### [Action item]
Determine the number of lines of the records below that include "radius". Respond with the number and no other text.

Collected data

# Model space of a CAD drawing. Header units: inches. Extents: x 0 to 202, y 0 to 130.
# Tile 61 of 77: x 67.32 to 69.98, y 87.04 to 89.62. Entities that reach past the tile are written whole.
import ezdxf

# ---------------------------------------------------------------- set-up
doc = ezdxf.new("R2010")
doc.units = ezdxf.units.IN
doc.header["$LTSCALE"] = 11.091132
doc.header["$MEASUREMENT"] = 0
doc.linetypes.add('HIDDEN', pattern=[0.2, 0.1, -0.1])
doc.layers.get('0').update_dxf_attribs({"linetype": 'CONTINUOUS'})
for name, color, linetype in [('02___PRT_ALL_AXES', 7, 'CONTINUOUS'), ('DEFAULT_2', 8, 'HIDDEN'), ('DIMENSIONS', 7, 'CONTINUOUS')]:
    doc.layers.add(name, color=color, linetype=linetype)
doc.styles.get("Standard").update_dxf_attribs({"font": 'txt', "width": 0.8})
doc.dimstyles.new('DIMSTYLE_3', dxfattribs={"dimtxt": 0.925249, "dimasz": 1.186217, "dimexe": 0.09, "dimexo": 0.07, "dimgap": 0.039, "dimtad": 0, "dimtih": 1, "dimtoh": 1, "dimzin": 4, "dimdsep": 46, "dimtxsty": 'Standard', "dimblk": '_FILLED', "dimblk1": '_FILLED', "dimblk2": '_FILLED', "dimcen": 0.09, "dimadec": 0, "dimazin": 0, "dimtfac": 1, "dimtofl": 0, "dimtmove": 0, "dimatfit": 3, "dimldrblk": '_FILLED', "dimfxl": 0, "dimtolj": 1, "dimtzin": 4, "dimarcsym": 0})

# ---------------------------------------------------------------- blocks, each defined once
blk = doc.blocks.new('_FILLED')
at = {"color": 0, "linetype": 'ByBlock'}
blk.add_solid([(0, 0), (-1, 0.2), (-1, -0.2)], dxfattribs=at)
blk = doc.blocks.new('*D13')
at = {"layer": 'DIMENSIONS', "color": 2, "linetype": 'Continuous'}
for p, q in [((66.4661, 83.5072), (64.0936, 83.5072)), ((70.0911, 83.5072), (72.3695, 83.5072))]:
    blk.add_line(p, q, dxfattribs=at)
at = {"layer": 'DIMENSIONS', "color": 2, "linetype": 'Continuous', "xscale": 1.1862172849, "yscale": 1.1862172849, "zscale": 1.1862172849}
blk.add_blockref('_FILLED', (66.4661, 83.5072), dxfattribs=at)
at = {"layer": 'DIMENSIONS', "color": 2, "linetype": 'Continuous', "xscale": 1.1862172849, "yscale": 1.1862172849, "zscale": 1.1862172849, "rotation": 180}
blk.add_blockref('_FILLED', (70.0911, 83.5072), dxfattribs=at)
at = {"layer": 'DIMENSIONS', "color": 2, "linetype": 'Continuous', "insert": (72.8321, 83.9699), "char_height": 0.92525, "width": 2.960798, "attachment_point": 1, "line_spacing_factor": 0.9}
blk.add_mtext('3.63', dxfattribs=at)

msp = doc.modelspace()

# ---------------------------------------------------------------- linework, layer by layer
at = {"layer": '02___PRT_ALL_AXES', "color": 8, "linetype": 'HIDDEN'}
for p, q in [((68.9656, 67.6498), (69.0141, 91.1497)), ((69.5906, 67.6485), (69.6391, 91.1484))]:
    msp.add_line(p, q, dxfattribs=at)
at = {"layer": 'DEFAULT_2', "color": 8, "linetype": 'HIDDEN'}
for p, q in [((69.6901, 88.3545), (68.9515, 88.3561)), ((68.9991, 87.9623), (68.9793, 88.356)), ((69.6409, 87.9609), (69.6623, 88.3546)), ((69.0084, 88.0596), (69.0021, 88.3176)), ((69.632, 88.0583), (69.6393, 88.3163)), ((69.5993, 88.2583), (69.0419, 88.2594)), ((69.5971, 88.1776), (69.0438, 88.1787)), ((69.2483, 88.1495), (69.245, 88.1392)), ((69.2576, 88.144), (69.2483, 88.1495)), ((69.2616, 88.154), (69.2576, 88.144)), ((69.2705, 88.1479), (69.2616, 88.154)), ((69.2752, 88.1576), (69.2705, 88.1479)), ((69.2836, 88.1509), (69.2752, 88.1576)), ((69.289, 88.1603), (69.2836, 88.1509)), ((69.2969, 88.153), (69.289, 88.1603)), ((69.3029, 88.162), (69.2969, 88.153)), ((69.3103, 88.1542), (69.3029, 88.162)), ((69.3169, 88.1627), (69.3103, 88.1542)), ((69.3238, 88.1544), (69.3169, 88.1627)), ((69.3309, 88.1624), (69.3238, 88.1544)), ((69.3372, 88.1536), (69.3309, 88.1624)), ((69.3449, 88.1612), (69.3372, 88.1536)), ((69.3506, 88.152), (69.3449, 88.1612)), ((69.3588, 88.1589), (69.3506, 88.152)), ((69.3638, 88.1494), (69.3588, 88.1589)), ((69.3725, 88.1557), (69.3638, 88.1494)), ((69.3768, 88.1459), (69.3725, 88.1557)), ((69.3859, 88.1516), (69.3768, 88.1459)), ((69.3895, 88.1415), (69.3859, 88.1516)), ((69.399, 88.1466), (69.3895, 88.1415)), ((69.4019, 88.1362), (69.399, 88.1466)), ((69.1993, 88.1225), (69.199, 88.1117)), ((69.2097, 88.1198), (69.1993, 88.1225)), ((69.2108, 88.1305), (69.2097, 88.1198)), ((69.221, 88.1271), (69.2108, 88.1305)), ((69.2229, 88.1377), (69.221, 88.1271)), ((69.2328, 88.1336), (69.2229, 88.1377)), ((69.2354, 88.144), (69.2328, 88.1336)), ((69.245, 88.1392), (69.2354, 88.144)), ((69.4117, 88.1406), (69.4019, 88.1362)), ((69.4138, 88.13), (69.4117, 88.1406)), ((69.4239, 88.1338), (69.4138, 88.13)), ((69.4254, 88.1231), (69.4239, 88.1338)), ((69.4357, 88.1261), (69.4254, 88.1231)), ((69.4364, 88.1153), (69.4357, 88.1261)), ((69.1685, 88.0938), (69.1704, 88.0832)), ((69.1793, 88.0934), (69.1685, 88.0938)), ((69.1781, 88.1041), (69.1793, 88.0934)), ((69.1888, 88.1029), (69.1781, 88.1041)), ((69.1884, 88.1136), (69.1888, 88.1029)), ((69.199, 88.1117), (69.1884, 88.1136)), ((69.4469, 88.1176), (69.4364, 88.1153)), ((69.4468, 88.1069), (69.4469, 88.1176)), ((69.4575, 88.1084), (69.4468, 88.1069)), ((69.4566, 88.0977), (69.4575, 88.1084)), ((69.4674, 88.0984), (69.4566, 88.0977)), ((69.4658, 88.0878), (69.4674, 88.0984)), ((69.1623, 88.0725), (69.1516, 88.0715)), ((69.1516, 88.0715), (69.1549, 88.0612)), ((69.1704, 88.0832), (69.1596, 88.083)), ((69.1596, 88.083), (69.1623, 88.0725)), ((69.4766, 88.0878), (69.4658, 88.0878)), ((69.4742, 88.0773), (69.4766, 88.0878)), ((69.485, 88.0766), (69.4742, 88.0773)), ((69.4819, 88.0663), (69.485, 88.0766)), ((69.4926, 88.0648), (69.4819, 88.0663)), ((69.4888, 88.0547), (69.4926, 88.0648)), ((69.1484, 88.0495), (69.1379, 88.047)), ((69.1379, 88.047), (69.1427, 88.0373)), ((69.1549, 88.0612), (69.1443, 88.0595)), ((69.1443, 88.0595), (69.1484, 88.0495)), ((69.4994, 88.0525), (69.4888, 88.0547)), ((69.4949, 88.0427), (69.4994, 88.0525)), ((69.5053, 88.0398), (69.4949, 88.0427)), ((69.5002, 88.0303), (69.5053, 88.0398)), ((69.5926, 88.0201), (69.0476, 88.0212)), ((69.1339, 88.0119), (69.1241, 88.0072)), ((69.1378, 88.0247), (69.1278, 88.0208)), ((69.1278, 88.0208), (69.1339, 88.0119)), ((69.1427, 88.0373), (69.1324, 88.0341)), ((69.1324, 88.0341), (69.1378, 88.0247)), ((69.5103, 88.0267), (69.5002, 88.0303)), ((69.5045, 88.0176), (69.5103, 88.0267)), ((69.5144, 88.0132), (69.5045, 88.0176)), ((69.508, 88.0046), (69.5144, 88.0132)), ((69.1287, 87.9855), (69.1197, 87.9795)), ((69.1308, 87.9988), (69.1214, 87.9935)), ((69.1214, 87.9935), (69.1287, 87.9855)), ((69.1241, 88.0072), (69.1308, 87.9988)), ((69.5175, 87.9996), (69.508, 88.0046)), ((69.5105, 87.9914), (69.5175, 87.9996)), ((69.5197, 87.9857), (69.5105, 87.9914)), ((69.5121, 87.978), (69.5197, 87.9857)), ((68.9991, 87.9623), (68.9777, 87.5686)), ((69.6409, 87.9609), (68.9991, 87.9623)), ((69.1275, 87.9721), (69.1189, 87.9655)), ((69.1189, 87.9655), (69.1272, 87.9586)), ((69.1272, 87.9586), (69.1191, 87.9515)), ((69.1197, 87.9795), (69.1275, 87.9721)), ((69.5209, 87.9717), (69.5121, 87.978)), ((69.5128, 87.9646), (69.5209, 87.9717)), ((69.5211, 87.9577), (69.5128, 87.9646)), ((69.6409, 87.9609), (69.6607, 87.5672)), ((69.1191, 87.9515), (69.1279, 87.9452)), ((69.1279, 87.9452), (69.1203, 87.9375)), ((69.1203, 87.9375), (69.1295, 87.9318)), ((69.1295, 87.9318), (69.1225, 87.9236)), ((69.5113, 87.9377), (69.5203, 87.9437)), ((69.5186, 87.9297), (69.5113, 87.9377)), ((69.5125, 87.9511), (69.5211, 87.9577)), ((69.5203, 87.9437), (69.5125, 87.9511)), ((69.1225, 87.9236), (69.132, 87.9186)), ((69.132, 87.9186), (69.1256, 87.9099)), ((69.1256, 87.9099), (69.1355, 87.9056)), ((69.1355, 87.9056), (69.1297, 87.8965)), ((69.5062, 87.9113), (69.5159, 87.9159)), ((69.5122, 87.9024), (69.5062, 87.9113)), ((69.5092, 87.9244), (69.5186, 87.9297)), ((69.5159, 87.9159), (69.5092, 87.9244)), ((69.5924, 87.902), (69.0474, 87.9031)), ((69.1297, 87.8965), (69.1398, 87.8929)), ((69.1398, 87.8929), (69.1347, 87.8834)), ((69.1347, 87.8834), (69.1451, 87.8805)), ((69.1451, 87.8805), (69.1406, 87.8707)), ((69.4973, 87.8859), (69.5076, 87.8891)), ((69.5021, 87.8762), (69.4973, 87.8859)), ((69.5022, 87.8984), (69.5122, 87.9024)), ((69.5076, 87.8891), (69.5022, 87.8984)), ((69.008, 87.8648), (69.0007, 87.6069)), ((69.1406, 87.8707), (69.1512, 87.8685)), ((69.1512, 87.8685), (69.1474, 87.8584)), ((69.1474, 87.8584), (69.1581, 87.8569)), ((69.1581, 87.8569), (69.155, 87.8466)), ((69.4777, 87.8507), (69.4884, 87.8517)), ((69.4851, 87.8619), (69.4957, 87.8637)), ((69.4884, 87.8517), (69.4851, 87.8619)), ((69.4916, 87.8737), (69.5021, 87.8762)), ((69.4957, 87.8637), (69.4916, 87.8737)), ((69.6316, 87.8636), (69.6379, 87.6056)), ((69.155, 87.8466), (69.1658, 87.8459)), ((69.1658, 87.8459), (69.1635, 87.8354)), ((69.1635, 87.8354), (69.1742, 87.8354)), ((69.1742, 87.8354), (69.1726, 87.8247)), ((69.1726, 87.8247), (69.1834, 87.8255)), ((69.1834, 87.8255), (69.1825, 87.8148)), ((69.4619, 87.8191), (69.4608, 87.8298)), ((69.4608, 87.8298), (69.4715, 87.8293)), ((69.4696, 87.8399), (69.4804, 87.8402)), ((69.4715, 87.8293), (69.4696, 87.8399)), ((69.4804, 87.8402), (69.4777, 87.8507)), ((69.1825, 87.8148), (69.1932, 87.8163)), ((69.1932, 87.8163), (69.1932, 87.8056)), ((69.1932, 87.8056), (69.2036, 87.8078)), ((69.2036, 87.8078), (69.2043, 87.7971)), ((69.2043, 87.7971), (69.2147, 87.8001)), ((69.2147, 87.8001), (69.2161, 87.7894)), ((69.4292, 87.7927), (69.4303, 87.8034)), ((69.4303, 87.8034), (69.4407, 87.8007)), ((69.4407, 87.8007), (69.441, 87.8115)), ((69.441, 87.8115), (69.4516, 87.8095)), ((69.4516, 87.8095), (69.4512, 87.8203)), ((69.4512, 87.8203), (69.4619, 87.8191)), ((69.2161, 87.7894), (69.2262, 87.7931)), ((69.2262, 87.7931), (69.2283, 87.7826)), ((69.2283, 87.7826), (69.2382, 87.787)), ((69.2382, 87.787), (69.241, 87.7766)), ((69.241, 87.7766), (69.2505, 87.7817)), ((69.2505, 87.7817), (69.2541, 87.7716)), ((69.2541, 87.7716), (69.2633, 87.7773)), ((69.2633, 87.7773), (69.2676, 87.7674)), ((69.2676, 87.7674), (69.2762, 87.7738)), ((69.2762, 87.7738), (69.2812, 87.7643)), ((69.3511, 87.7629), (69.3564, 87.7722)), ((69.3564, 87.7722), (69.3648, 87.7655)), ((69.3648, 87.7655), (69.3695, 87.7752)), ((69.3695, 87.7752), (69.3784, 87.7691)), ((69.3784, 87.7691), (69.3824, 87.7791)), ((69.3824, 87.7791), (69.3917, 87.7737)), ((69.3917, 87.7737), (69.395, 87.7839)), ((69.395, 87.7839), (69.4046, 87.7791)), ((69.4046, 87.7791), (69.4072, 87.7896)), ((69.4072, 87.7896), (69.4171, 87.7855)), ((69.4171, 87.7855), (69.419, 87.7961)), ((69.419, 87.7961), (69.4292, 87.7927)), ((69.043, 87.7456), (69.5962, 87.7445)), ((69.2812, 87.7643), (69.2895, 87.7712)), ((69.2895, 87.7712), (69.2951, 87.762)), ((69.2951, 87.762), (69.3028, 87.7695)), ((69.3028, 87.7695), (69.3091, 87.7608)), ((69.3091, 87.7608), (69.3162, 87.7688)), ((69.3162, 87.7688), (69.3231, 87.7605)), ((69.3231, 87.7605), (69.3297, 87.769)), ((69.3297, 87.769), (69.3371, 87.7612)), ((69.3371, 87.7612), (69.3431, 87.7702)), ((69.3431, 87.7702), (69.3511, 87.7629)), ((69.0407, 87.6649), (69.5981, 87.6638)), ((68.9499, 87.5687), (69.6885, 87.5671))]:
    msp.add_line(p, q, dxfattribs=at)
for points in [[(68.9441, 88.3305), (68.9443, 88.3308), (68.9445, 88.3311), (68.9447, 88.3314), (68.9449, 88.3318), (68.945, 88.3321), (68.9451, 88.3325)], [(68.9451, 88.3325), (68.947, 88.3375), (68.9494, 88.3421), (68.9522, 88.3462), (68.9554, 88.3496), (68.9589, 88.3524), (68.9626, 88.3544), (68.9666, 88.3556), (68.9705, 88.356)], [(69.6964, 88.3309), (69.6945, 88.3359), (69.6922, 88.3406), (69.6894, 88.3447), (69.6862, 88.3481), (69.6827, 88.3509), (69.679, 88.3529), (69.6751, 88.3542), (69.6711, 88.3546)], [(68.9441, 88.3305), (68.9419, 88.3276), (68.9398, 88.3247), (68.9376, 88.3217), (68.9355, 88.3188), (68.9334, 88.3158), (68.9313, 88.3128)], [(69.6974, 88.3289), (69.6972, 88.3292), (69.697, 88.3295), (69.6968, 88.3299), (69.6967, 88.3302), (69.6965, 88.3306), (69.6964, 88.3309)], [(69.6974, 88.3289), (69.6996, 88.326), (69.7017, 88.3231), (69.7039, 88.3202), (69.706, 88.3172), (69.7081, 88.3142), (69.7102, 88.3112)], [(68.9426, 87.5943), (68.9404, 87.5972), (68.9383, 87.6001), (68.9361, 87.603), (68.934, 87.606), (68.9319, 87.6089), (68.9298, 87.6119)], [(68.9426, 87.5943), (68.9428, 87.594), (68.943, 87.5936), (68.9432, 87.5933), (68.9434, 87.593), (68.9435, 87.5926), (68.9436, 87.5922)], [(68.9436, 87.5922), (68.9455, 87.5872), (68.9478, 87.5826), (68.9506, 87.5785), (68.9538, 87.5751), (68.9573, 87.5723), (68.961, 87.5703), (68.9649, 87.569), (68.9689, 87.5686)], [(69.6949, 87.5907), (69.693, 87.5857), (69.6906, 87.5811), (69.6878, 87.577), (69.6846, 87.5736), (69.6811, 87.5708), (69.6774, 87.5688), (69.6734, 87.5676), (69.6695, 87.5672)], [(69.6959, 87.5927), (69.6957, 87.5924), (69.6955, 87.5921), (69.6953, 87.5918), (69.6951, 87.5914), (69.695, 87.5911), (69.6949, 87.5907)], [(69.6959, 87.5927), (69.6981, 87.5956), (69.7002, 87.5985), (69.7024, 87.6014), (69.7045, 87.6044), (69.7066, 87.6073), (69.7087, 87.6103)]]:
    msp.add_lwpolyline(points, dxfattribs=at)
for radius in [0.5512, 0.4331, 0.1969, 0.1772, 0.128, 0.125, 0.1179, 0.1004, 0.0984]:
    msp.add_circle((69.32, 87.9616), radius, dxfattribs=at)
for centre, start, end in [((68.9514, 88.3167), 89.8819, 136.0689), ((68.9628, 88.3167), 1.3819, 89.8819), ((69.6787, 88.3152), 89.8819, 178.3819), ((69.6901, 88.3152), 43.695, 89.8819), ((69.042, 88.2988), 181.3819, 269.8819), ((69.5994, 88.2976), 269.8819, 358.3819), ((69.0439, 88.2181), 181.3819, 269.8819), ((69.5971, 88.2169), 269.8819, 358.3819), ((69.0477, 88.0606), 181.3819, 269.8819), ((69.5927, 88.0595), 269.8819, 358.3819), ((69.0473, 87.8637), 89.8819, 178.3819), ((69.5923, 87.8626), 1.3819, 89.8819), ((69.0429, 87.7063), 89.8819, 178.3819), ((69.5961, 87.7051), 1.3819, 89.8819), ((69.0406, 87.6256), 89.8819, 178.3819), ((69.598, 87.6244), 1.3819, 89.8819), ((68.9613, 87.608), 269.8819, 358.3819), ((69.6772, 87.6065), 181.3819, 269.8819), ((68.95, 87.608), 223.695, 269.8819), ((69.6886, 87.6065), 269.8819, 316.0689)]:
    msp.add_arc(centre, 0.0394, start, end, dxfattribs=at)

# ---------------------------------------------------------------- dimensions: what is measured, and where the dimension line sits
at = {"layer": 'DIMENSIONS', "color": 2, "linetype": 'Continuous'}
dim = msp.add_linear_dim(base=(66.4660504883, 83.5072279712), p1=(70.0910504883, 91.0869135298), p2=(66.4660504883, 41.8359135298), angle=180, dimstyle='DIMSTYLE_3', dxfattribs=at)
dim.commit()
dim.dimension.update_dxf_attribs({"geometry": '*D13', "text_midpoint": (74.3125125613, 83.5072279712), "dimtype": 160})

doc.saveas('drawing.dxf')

### [Final answer]
2